(Information Opens)
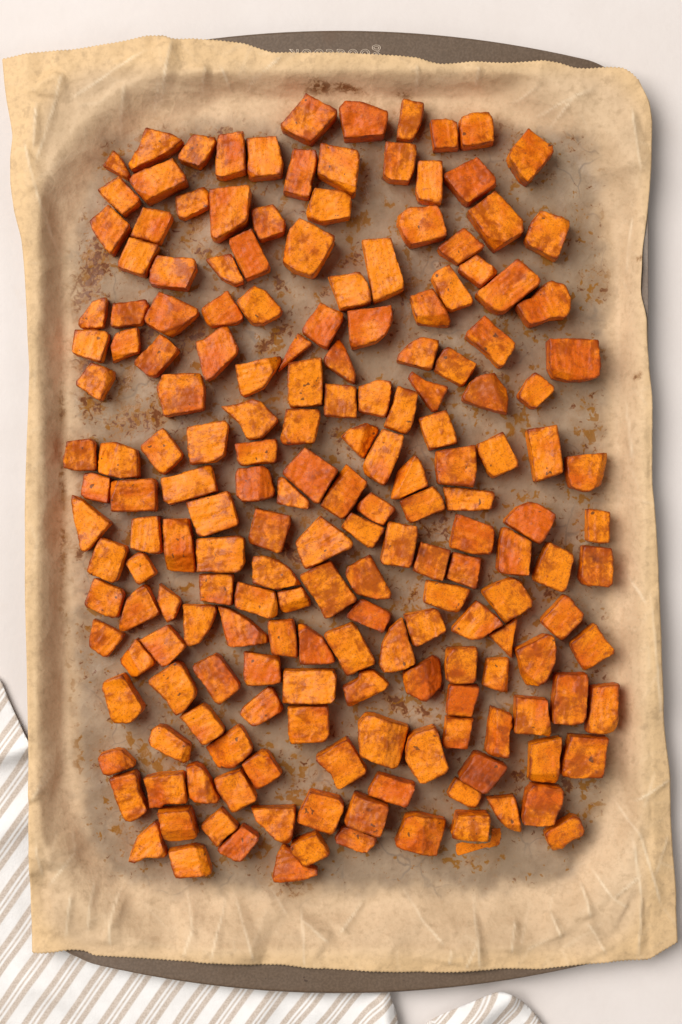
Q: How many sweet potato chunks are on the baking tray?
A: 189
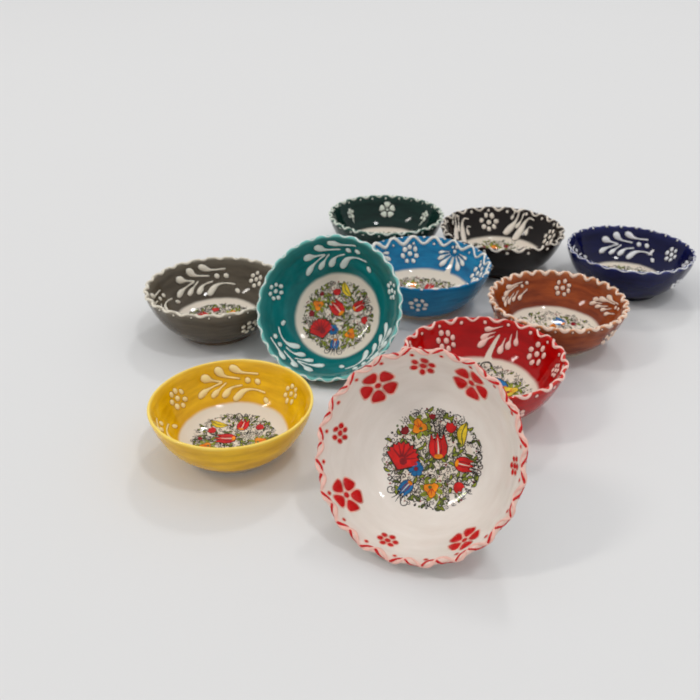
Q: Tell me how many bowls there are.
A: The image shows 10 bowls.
(Information Closes)
(Information Opens)
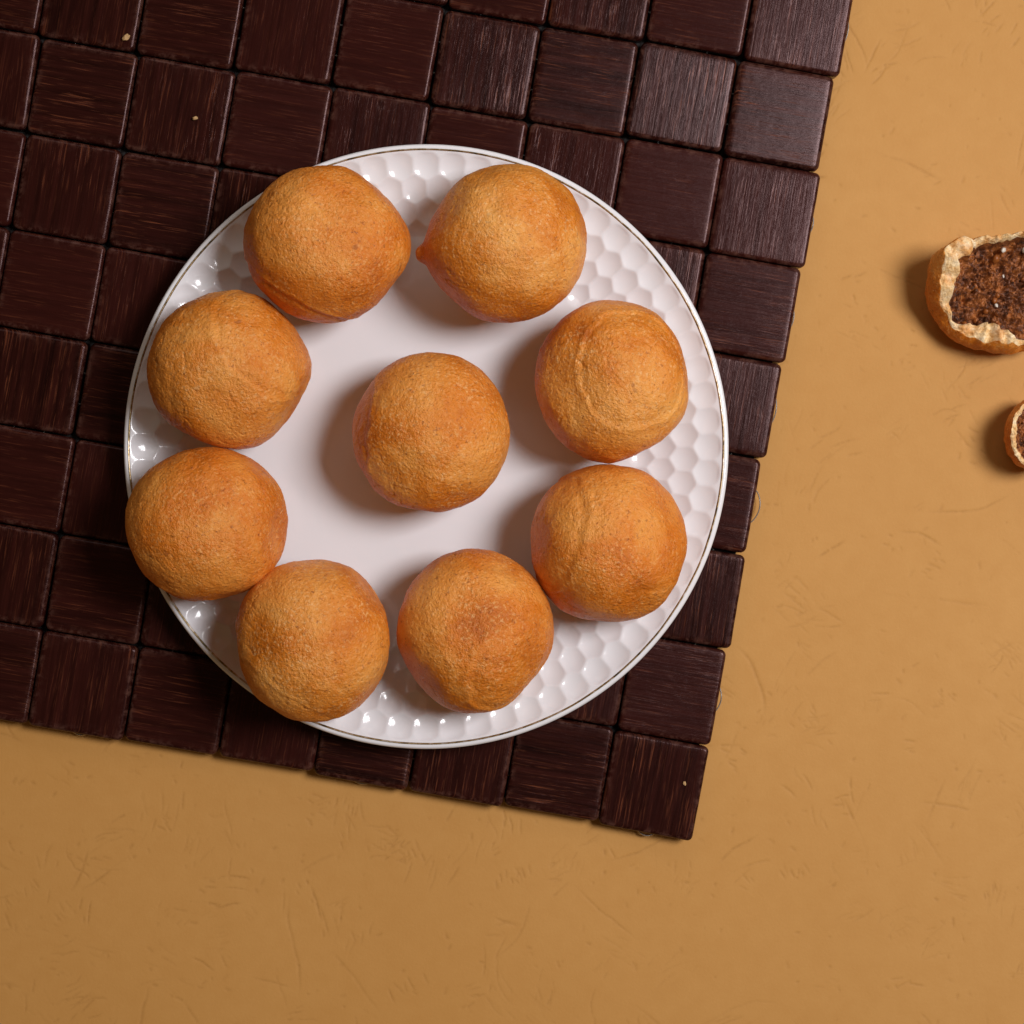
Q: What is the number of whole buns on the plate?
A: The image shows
(Information Closes)
(Information Opens)
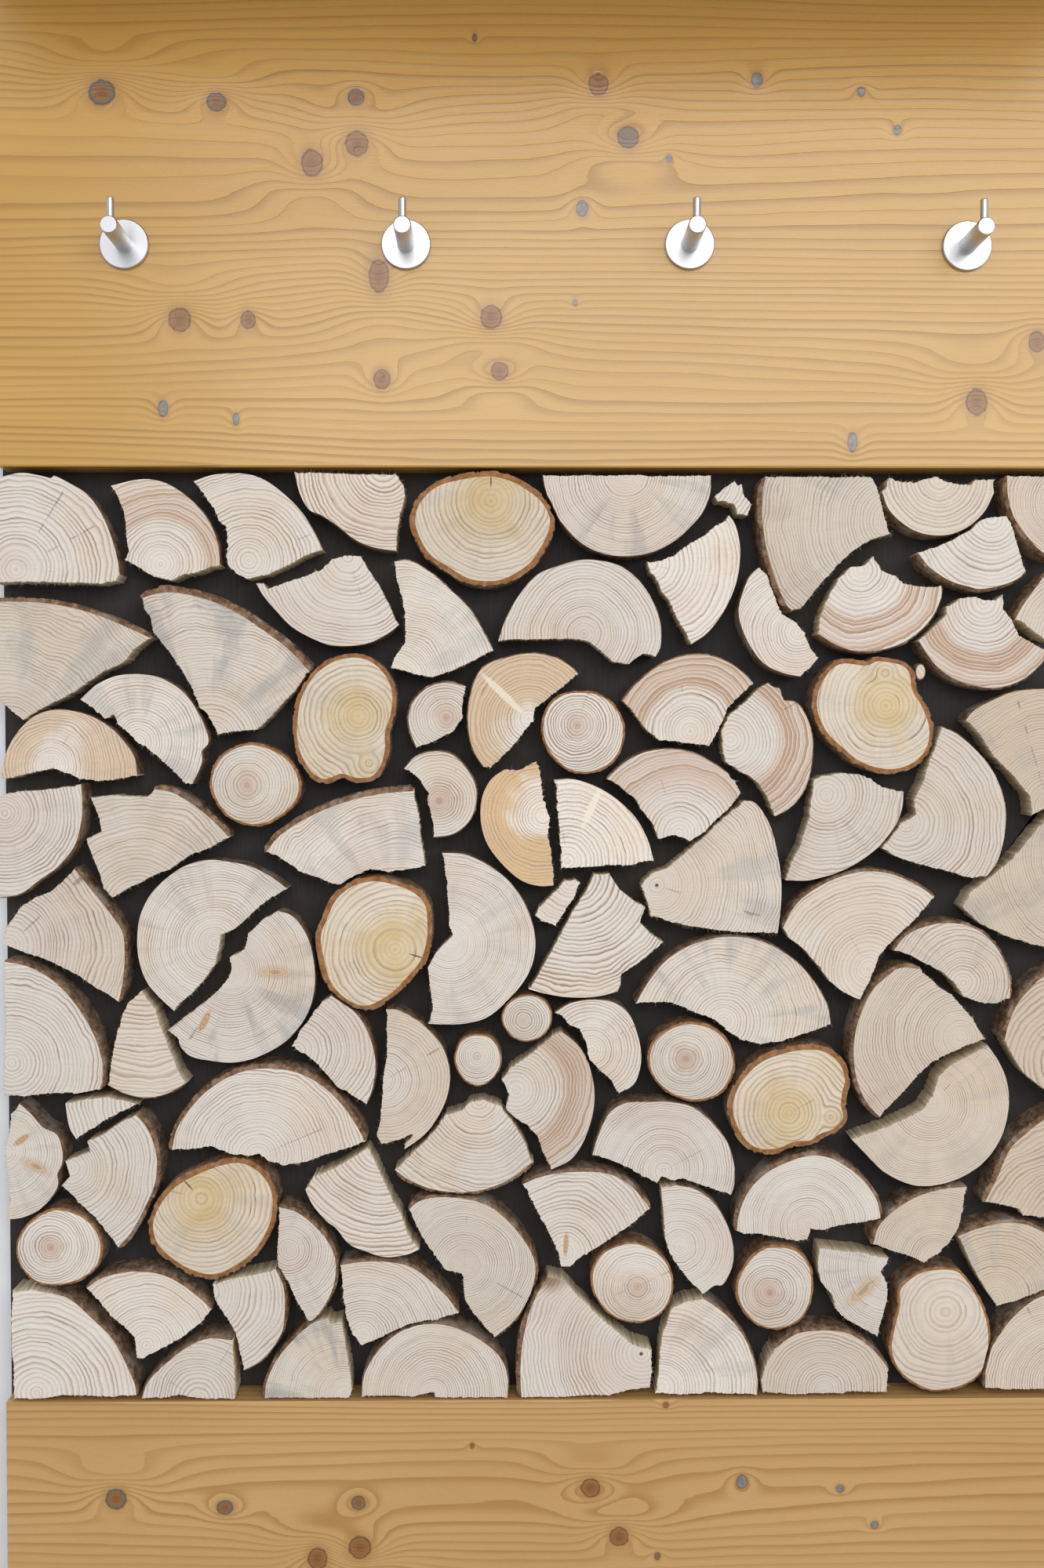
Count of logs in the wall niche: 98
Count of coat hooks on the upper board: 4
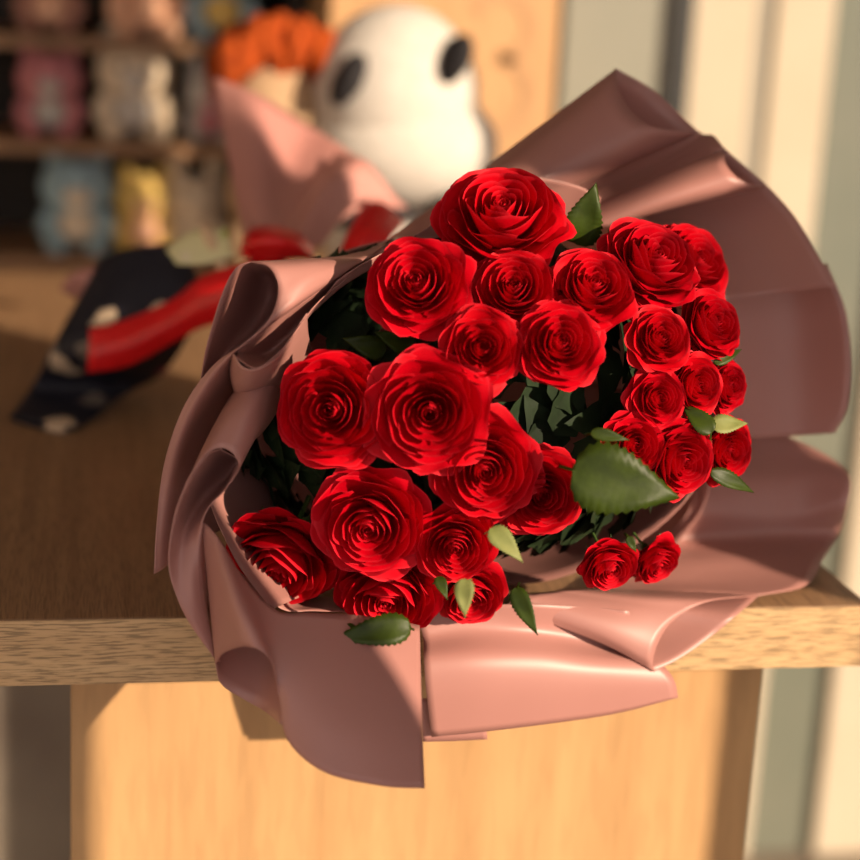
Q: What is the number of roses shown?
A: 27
(Information Closes)
**Task instructions**
From the listing above, copy every line where the string "image" is found.

**Output for this exercise**
A: The image shows 10 bowls.
A: The image shows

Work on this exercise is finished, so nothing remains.